- **Task**:
The lines from the first line of the entries through the line containing "- car [1072,845,1131,902]" are to be repeated exactly, with both of those lines included.

───── Material provided ─────

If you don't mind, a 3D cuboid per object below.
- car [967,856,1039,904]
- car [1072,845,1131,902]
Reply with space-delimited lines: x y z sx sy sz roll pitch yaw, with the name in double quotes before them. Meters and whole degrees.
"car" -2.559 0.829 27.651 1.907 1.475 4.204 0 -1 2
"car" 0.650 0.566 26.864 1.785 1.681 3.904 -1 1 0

─────

- **Response to this task**:
If you don't mind, a 3D cuboid per object below.
- car [967,856,1039,904]
- car [1072,845,1131,902]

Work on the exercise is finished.